A Fast Deposition-Crystallization Procedure for Highly Efficient Lead Iodide Perovskite Thin-Film Solar Cells by Manda Xiao et al. Angew. Chem. Int. Ed.
This publication demonstrates a cool technique to obtain a fast processed perovskite film. By using a variety of solvents, the crystal growth could be altered from the same precursor solution during the spin casting step. Although the films also receive a 10 minute thermal anneal, this is significantly shorter than other routines (which can require times of up to 2 hours). The timing for dispensing the solvent during the spin casting step is however critical for this technique, with the effects from different timings demonstrated in the supporting information.
Reproducible One-Step Fabrication of Compact MAPbI3-xClx Thin Films Derived from Mixed-Lead-Halide Precursors by Dong Wang et al. Chem. Mater.
In this paper, the authors demonstrate their own procedure to dictate the crystal growth timing. Figure 1 shows how the crystal colour changes with regard to thermal annealing time. By combining both lead iodide and lead chloride in their solution, they were able to obtain good film uniformity. Photovoltaic devices also demonstrated a lack of hysteresis, with only minor differences when comparing the forward and reverse sweeps - a promising result.

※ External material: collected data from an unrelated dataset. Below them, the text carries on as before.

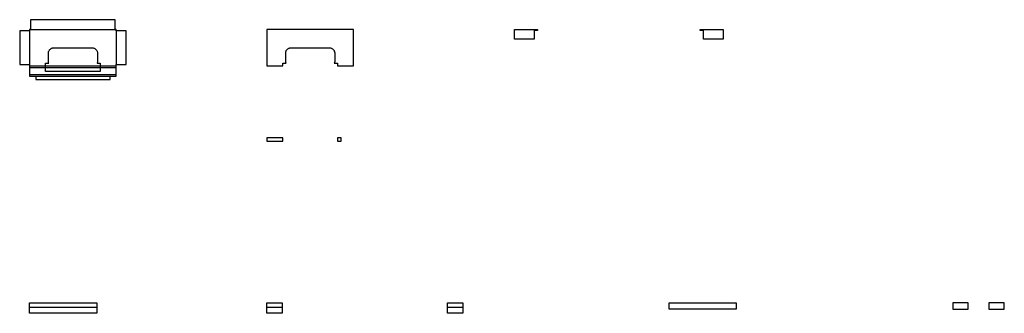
# Model space of a CAD drawing. Header units: millimetres. Extents: x 21 to 212, y -85 to -28.
import ezdxf

# ---------------------------------------------------------------- set-up
doc = ezdxf.new("R2010")
doc.units = ezdxf.units.MM
doc.layers.add('CUT_OUTER', color=7, linetype='Continuous')
doc.layers.add('FOLD_REFERENCE', color=5, linetype='Continuous')

msp = doc.modelspace()

# ---------------------------------------------------------------- linework, layer by layer
at = {"layer": 'CUT_OUTER'}
for points in [[(23, -30.25), (21.07, -30.25), (21.07, -36.75), (23, -36.75), (23, -39.01), (24.2, -39.01), (24.2, -39.64), (38.6, -39.64), (38.6, -39.01), (39.8, -39.01), (39.8, -36.75), (41.73, -36.75), (41.73, -30.25), (39.8, -30.25), (39.8, -30), (39.6, -30), (39.6, -28.07), (23.2, -28.07), (23.2, -30), (23, -30)], [(85.8, -37.01), (85.8, -30), (69, -30), (69, -37.01), (72.1, -37.01), (72.1, -36.5), (72.72, -36.5), (72.69, -36.42), (72.67, -36.33), (72.65, -36.23), (72.65, -36.13), (72.65, -34.53), (72.65, -34.43), (72.67, -34.34), (72.69, -34.24), (72.73, -34.15), (72.77, -34.06), (72.82, -33.97), (72.88, -33.9), (72.94, -33.82), (73.02, -33.76), (73.09, -33.7), (73.18, -33.65), (73.27, -33.61), (73.36, -33.57), (73.45, -33.55), (73.55, -33.53), (73.65, -33.53), (81.15, -33.53), (81.25, -33.53), (81.35, -33.55), (81.44, -33.57), (81.53, -33.61), (81.62, -33.65), (81.71, -33.7), (81.78, -33.76), (81.86, -33.82), (81.92, -33.9), (81.98, -33.97), (82.03, -34.06), (82.07, -34.15), (82.11, -34.24), (82.13, -34.34), (82.15, -34.43), (82.15, -34.53), (82.15, -36.13), (82.15, -36.23), (82.13, -36.33), (82.11, -36.42), (82.08, -36.5), (82.7, -36.5), (82.7, -37.01)], [(117, -30), (121.5, -30), (121.5, -30.16), (120.83, -30.16), (120.83, -31.86), (117, -31.86)], [(153, -30), (157.5, -30), (157.5, -31.86), (153.67, -31.86), (153.67, -30.16), (153, -30.16)], [(36.15, -36.23), (36.13, -36.33), (36.11, -36.42), (36.08, -36.5), (36.7, -36.5), (36.7, -38.1), (26.1, -38.1), (26.1, -36.5), (26.72, -36.5), (26.69, -36.42), (26.67, -36.33), (26.65, -36.23), (26.65, -36.13), (26.65, -34.53), (26.65, -34.43), (26.67, -34.34), (26.69, -34.24), (26.73, -34.15), (26.77, -34.06), (26.82, -33.97), (26.88, -33.9), (26.94, -33.82), (27.02, -33.76), (27.09, -33.7), (27.18, -33.65), (27.27, -33.61), (27.36, -33.57), (27.45, -33.55), (27.55, -33.53), (27.65, -33.53), (35.15, -33.53), (35.25, -33.53), (35.35, -33.55), (35.44, -33.57), (35.53, -33.61), (35.62, -33.65), (35.71, -33.7), (35.78, -33.76), (35.86, -33.82), (35.92, -33.9), (35.98, -33.97), (36.03, -34.06), (36.07, -34.15), (36.11, -34.24), (36.13, -34.34), (36.15, -34.43), (36.15, -34.53), (36.15, -36.13)], [(69, -51), (69, -51.64), (72.1, -51.64), (72.1, -51)], [(83.4, -51.64), (83.4, -51), (82.7, -51), (82.7, -51.64)], [(23, -83), (36, -83), (36, -85), (23, -85)], [(69, -83), (72, -83), (72, -85), (69, -85)], [(104, -83), (107, -83), (107, -85), (104, -85)], [(147, -83), (160, -83), (160, -84.2), (147, -84.2)], [(202, -84.2), (205, -84.2), (205, -83), (202, -83)], [(209, -84.2), (212, -84.2), (212, -83), (209, -83)]]:
    msp.add_lwpolyline(points, close=True, dxfattribs=at)
at = {"layer": 'FOLD_REFERENCE'}
for p, q in [((22.99, -30.25), (22.99, -36.75)), ((23.2, -30), (39.6, -30)), ((39.81, -30.25), (39.81, -36.75)), ((23, -37.01), (39.8, -37.01)), ((23, -37.34), (39.8, -37.34)), ((23, -38.67), (39.8, -38.67)), ((23, -39.01), (39.8, -39.01)), ((23, -83.8), (36, -83.8)), ((69, -83.8), (72, -83.8)), ((104, -83.8), (107, -83.8))]:
    msp.add_line(p, q, dxfattribs=at)

doc.saveas('drawing.dxf')

Bright light-emitting diodes based on organometal halide perovskite by Zhi-Kuang Tan et al. Nat. Nanotechnol.
A very nice publication demonstrating the use of perovskite materials for light emitting diodes. The authors found that by changing the precursor material (and the architecture to suit the material in question) they could achieve different emissions. This highlights the impact these perovskite materials are expected to have (and already are having) on electronics.
Alex Jen's group - University of Washington
I really like the work this group has been doing. They are investigating some really interesting ideas (such as additives, blade coating) and their publications have a great deal of information. Most notable papers this year include: Additive Enhanced Crystallization of Solution-Processed Perovskite for Highly Efficient Planar-Heterojunction Solar Cells, Role of Chloride in the Morphological Evolution of Organo-Lead Halide Perovskite Thin Films, The roles of alkyl halide additives in enhancing perovskite solar cell performance, and Enhanced Environmental Stability of Planar Heterojunction Perovskite Solar Cells Based on Blade-Coating.
Efficient, high yield perovskite photovoltaic devices grown by interdiffusion of solution-processed precursor stacking layers by Zhengguo Xiao et al. Energy Environ. Sci.
Another nice publication looking at forming the perovskite layer (via a thermal annealing treatment) from two independently spun layers of lead iodide and methylammonium iodide. The authors investigate the effects of different ratios and film thicknesses and provide a good amount of information from their optimisation.